Bound the interpretation

Separate reported facts, deterministic calculations, model-like guidance, and the human decision.

04

Design visible state

Loading, partial evidence, failure, limitations, and next actions are first-class interface states.

05

Verify the release

Type checks, automated route tests, production builds, responsive browser walkthroughs, and live-source smoke tests close the loop.

02 / Visual grammar

The visuals explain
the workflow.

Jupiter / system core

The largest stable body represents the evidence and product infrastructure that everything else depends on.

Europa / active task

The moving moon represents a query, case, or document traveling through the workflow without becoming the system itself.

Orbit / evaluation loop

The orbit makes iteration visible: observe, interpret, act, verify, and return with better evidence.

Color / meaning

Lime means evidence or a verified action. Lilac marks interpretation, uncertainty, or a model boundary. Amber is reserved for caution.

03 / Voltline geography

Useful at state level.
Honest at ZIP level.

Hourly

Texas balancing authority

EIA-930 reports demand, forecast, generation, and interchange for ERCOT. The interface calls these preliminary hourly submissions—not operational telemetry.

Monthly

50 states + D.C.

EIA retail-sales data supports residential average price, statewide sales, customer count, and aggregate per-customer context by state.

Boundary

ZIP Code coverage

EIA does not publish electricity usage or a single retail rate by ZIP. Voltline explains what is unavailable instead of fabricating precision from unrelated geography.
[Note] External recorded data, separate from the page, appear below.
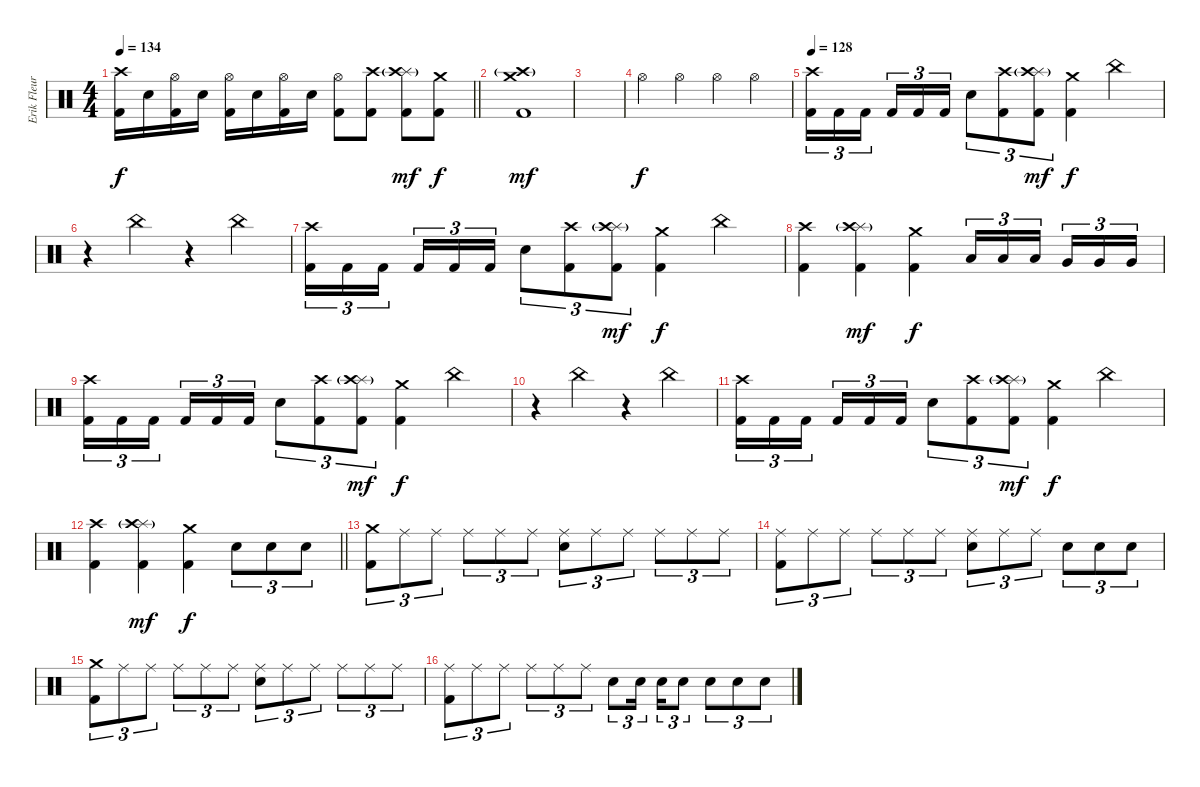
\track ("Erik Fleuren" "Erik Fleur") {instrument percussion}
\staff {score}
\articulation defaults
\ts (4 4)
\tempo 134
\clef neutral
\barLineRight lightlight
\ks c
("Crash high (hit)" "Kick (hit) 2").16{dy f} "Electric Snare (hit)".16 ("Hi-Hat (open)" "Kick (hit) 2").16 "Electric Snare (hit)".16 ("Hi-Hat (open)" "Kick (hit) 2").16 "Electric Snare (hit)".16 ("Hi-Hat (open)" "Kick (hit) 2").16 "Electric Snare (hit)".16 ("Hi-Hat (open)" "Kick (hit) 2").8 ("Crash high (hit)" "Kick (hit) 2").8 ("Splash (hit)"{g} "Crash high (hit)" "Kick (hit) 2").8{dy mf} ("Crash medium (hit)" "Kick (hit) 2").8{dy f} |
("Crash medium (hit)" "Crash high (hit)"{g} "Kick (hit) 2").1{dy mf} |
|
"Hi-Hat (open)".4{dy f} "Hi-Hat (open)".4 "Hi-Hat (open)".4 "Hi-Hat (open)".4 |
\tempo 128
("Crash high (hit)" "Kick (hit) 2").16{tu (3 2)} "Kick (hit) 2".16{tu (3 2)} "Kick (hit) 2".16{tu (3 2) beam splitsecondary} "Kick (hit) 2".16{tu (3 2)} "Kick (hit) 2".16{tu (3 2)} "Kick (hit) 2".16{tu (3 2)} "Electric Snare (hit)".8{tu (3 2)} ("Crash high (hit)" "Kick (hit) 2").8{tu (3 2)} ("Splash (hit)"{g} "Crash high (hit)" "Kick (hit) 2").8{tu (3 2) dy mf} ("Crash medium (hit)" "Kick (hit) 2").4{dy f} "China (hit)".4 |
r.4 "China (hit)".4 r.4 "China (hit)".4 |
("Crash high (hit)" "Kick (hit) 2").16{tu (3 2)} "Kick (hit) 2".16{tu (3 2)} "Kick (hit) 2".16{tu (3 2) beam splitsecondary} "Kick (hit) 2".16{tu (3 2)} "Kick (hit) 2".16{tu (3 2)} "Kick (hit) 2".16{tu (3 2)} "Electric Snare (hit)".8{tu (3 2)} ("Crash high (hit)" "Kick (hit) 2").8{tu (3 2)} ("Splash (hit)"{g} "Crash high (hit)" "Kick (hit) 2").8{tu (3 2) dy mf} ("Crash medium (hit)" "Kick (hit) 2").4{dy f} "China (hit)".4 |
("Crash high (hit)" "Kick (hit) 2").4 ("Splash (hit)"{g} "Crash high (hit)" "Kick (hit) 2").4{dy mf} ("Crash medium (hit)" "Kick (hit) 2").4{dy f} "Low Tom (hit)".16{tu (3 2)} "Low Tom (hit)".16{tu (3 2)} "Low Tom (hit)".16{tu (3 2) beam splitsecondary} "Very Low Tom (hit)".16{tu (3 2)} "Very Low Tom (hit)".16{tu (3 2)} "Very Low Tom (hit)".16{tu (3 2)} |
("Crash high (hit)" "Kick (hit) 2").16{tu (3 2)} "Kick (hit) 2".16{tu (3 2)} "Kick (hit) 2".16{tu (3 2) beam splitsecondary} "Kick (hit) 2".16{tu (3 2)} "Kick (hit) 2".16{tu (3 2)} "Kick (hit) 2".16{tu (3 2)} "Electric Snare (hit)".8{tu (3 2)} ("Crash high (hit)" "Kick (hit) 2").8{tu (3 2)} ("Splash (hit)"{g} "Crash high (hit)" "Kick (hit) 2").8{tu (3 2) dy mf} ("Crash medium (hit)" "Kick (hit) 2").4{dy f} "China (hit)".4 |
r.4 "China (hit)".4 r.4 "China (hit)".4 |
("Crash high (hit)" "Kick (hit) 2").16{tu (3 2)} "Kick (hit) 2".16{tu (3 2)} "Kick (hit) 2".16{tu (3 2) beam splitsecondary} "Kick (hit) 2".16{tu (3 2)} "Kick (hit) 2".16{tu (3 2)} "Kick (hit) 2".16{tu (3 2)} "Electric Snare (hit)".8{tu (3 2)} ("Crash high (hit)" "Kick (hit) 2").8{tu (3 2)} ("Splash (hit)"{g} "Crash high (hit)" "Kick (hit) 2").8{tu (3 2) dy mf} ("Crash medium (hit)" "Kick (hit) 2").4{dy f} "China (hit)".4 |
\barLineRight lightlight
("Crash high (hit)" "Kick (hit) 2").4 ("Splash (hit)"{g} "Crash high (hit)" "Kick (hit) 2").4{dy mf} ("Crash medium (hit)" "Kick (hit) 2").4{dy f} "Electric Snare (hit)".8{tu (3 2)} "Electric Snare (hit)".8{tu (3 2)} "Electric Snare (hit)".8{tu (3 2)} |
("Crash medium (hit)" "Kick (hit) 2").8{tu (3 2)} "Ride (middle)".8{tu (3 2)} "Ride (middle)".8{tu (3 2)} "Ride (middle)".8{tu (3 2)} "Ride (middle)".8{tu (3 2)} "Ride (middle)".8{tu (3 2)} ("Ride (middle)" "Electric Snare (hit)").8{tu (3 2)} "Ride (middle)".8{tu (3 2)} "Ride (middle)".8{tu (3 2)} "Ride (middle)".8{tu (3 2)} "Ride (middle)".8{tu (3 2)} "Ride (middle)".8{tu (3 2)} |
("Ride (middle)" "Kick (hit) 2").8{tu (3 2)} "Ride (middle)".8{tu (3 2)} "Ride (middle)".8{tu (3 2)} "Ride (middle)".8{tu (3 2)} "Ride (middle)".8{tu (3 2)} "Ride (middle)".8{tu (3 2)} ("Ride (middle)" "Electric Snare (hit)").8{tu (3 2)} "Ride (middle)".8{tu (3 2)} "Ride (middle)".8{tu (3 2)} "Electric Snare (hit)".8{tu (3 2)} "Electric Snare (hit)".8{tu (3 2)} "Electric Snare (hit)".8{tu (3 2)} |
("Crash medium (hit)" "Kick (hit) 2").8{tu (3 2)} "Ride (middle)".8{tu (3 2)} "Ride (middle)".8{tu (3 2)} "Ride (middle)".8{tu (3 2)} "Ride (middle)".8{tu (3 2)} "Ride (middle)".8{tu (3 2)} ("Ride (middle)" "Electric Snare (hit)").8{tu (3 2)} "Ride (middle)".8{tu (3 2)} "Ride (middle)".8{tu (3 2)} "Ride (middle)".8{tu (3 2)} "Ride (middle)".8{tu (3 2)} "Ride (middle)".8{tu (3 2)} |
("Ride (middle)" "Kick (hit) 2").8{tu (3 2)} "Ride (middle)".8{tu (3 2)} "Ride (middle)".8{tu (3 2)} "Ride (middle)".8{tu (3 2)} "Ride (middle)".8{tu (3 2)} "Ride (middle)".8{tu (3 2)} "Electric Snare (hit)".8{tu (3 2)} "Electric Snare (hit)".16{tu (3 2) beam splitsecondary} "Electric Snare (hit)".16{tu (3 2)} "Electric Snare (hit)".8{tu (3 2)} "Electric Snare (hit)".8{tu (3 2)} "Electric Snare (hit)".8{tu (3 2)} "Electric Snare (hit)".8{tu (3 2)}

The product decision: increase geographic usefulness where the evidence supports it, and make “not available” a trustworthy result where it does not.

04 / Finishing discipline

Polish includes what
the user cannot see.

Privacy

Consent before analytics

Analytics is off by default, events use fixed safe labels, consent can be changed, and the privacy notice maps each live-tool data path.

Resilience

Failure is designed

Public feeds have timeouts, validation, caching, fallbacks, partial-evidence states, and direct source links.

Accessibility

Motion and sound stay optional

Sound never autoplays, reduced-motion preferences are honored, offscreen animation pauses, focus is visible, and core controls remain keyboard operable.

Documents

PDF work stays local

PaperPatch renders and exports inside the tab, preserves Unicode text on export, and states what a visual signature or white cover-up cannot prove.

Security

Bound the attack surface

Strict public-network routing, redirect validation, standard ports, size limits, rate guards, security headers, and a scoped content policy reduce misuse.

QA

Test the shipped experience

Static checks, strict TypeScript, automated API tests, production builds, live browser walkthroughs, responsive inspection, and source smoke tests are all part of release.